(Items from a dataset)

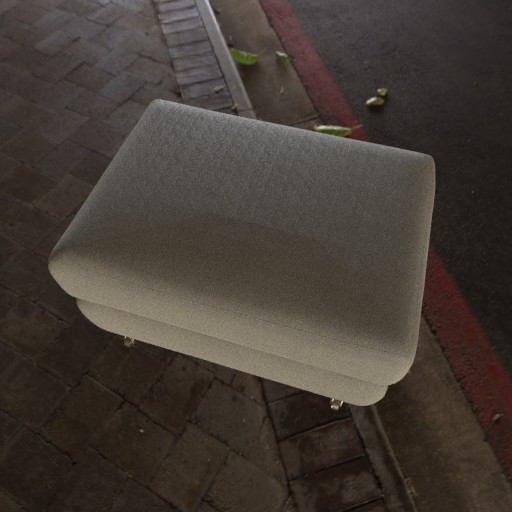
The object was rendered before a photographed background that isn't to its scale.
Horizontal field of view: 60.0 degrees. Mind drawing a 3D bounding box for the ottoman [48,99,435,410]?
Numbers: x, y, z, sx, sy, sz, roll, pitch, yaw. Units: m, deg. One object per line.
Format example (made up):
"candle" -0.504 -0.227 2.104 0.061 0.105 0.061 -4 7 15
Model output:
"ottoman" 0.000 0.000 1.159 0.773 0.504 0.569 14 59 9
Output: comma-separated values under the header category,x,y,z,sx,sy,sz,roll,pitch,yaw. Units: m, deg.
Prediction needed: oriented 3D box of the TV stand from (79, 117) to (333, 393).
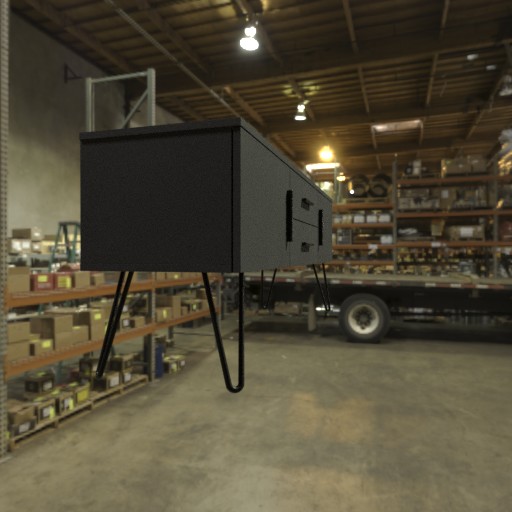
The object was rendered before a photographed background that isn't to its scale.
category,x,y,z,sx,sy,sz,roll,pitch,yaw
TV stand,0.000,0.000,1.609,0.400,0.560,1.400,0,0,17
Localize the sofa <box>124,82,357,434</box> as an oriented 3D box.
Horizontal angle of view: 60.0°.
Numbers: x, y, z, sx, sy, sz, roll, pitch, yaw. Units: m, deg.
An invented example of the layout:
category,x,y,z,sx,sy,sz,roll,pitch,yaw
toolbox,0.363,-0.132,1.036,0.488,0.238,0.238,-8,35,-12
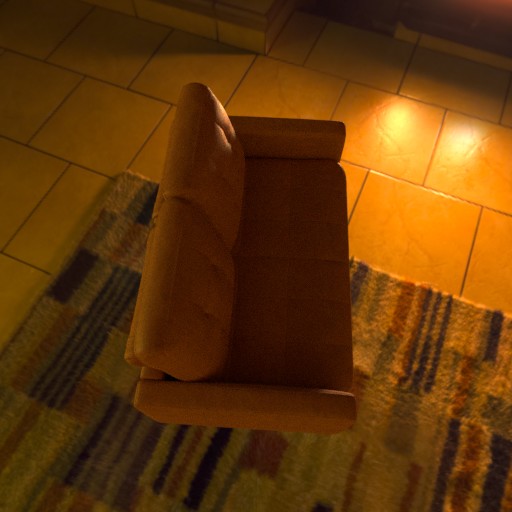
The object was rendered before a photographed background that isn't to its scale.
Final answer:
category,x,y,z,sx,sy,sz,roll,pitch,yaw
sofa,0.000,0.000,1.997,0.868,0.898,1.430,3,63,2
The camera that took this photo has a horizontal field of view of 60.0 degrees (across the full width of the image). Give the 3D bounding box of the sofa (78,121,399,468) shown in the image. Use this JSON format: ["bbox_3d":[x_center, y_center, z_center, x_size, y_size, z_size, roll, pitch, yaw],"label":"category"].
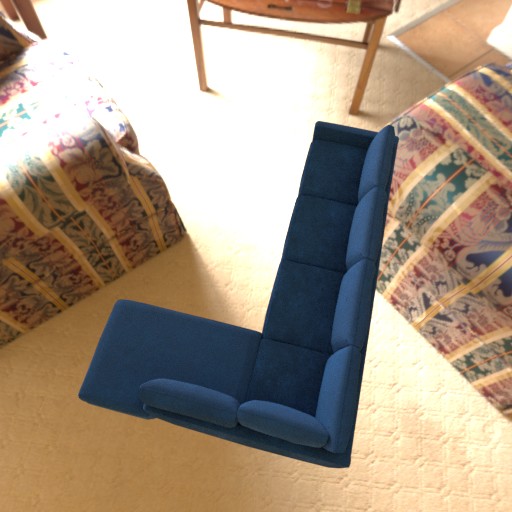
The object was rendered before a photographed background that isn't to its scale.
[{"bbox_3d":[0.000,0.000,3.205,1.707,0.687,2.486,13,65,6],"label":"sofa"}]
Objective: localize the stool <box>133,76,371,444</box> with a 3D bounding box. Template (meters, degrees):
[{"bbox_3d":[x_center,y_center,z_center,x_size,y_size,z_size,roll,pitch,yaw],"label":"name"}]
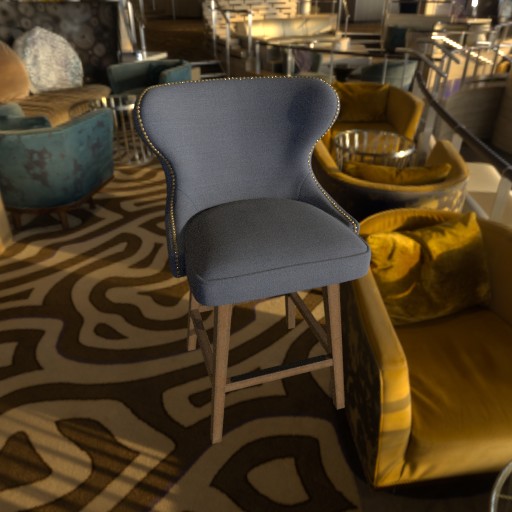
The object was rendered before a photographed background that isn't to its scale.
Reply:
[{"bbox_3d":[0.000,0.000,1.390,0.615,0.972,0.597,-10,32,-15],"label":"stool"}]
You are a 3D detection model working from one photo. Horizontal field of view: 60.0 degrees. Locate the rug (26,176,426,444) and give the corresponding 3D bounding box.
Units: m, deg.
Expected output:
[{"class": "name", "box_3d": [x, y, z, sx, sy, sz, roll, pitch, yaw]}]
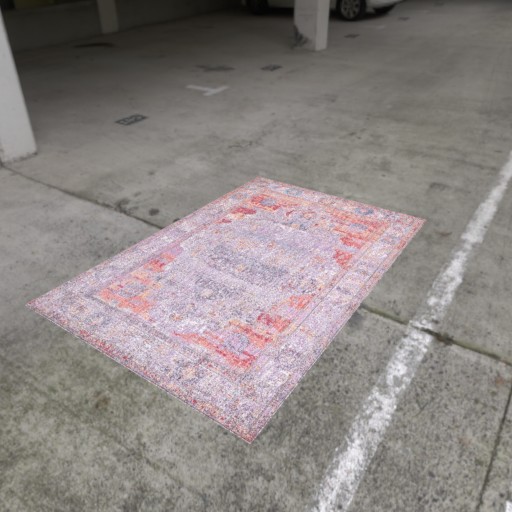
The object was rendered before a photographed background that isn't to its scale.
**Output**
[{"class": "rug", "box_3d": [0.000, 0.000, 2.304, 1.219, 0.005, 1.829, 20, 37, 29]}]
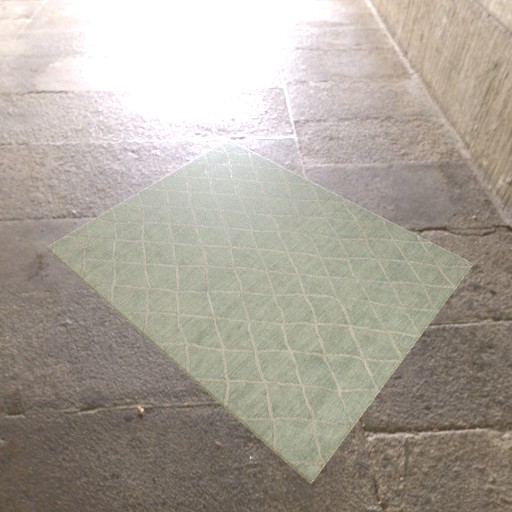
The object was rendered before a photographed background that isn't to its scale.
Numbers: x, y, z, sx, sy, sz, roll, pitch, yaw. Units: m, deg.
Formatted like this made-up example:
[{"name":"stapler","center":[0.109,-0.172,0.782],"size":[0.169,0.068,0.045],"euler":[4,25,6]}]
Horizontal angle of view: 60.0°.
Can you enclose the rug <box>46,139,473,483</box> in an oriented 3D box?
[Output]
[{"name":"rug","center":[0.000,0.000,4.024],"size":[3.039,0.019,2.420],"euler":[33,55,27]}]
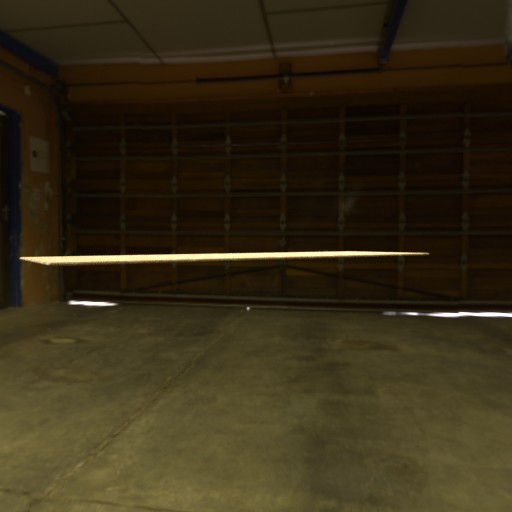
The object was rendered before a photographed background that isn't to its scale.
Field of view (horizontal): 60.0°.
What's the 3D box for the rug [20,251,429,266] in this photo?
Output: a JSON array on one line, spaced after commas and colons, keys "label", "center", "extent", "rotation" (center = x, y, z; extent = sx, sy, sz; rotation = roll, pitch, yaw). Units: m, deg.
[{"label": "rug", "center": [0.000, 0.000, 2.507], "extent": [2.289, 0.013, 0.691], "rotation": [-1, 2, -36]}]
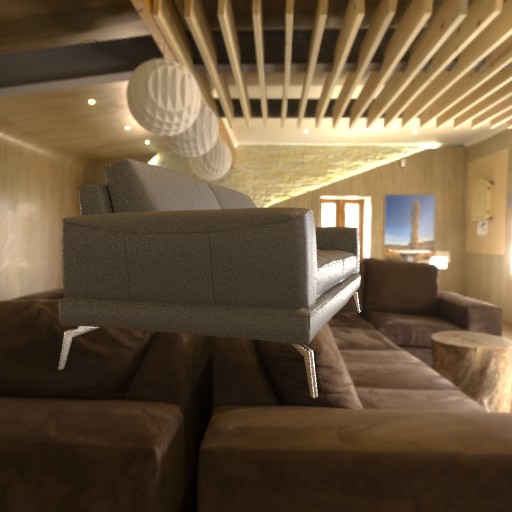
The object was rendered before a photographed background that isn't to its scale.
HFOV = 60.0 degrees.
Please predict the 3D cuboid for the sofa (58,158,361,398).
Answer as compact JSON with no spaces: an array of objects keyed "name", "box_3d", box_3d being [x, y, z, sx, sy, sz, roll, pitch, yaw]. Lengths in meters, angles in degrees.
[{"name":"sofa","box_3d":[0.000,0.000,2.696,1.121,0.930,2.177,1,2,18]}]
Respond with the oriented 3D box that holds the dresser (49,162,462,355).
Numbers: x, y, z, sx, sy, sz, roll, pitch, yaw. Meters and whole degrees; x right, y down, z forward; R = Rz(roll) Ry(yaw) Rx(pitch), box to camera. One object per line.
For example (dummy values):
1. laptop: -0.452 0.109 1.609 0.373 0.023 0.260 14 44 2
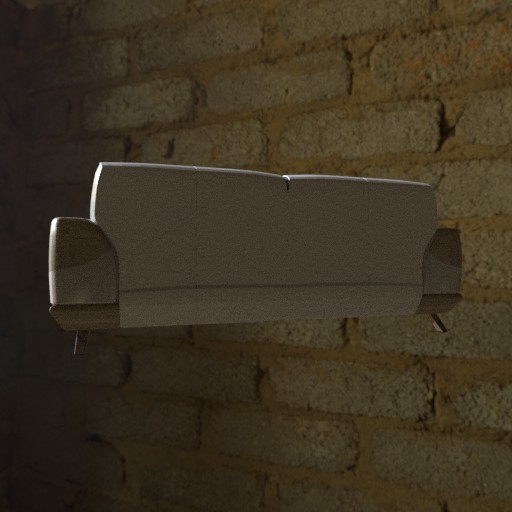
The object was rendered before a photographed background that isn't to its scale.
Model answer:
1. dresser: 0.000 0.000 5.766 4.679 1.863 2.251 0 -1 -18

WHAT THE TASK REQUIRES
Each line containing the word "Numbers" needs to be copied from the data above.

ANSWER BELOW
Numbers: x, y, z, sx, sy, sz, roll, pitch, yaw. Units: m, deg. One object per line.
Numbers: x, y, z, sx, sy, sz, roll, pitch, yaw. Units: m, deg.
Numbers: x, y, z, sx, sy, sz, roll, pitch, yaw. Units: m, deg.
Numbers: x, y, z, sx, sy, sz, roll, pitch, yaw. Meters and whole degrees; x right, y down, z forward; R = Rz(roll) Ry(yaw) Rx(pitch), box to camera. One object per line.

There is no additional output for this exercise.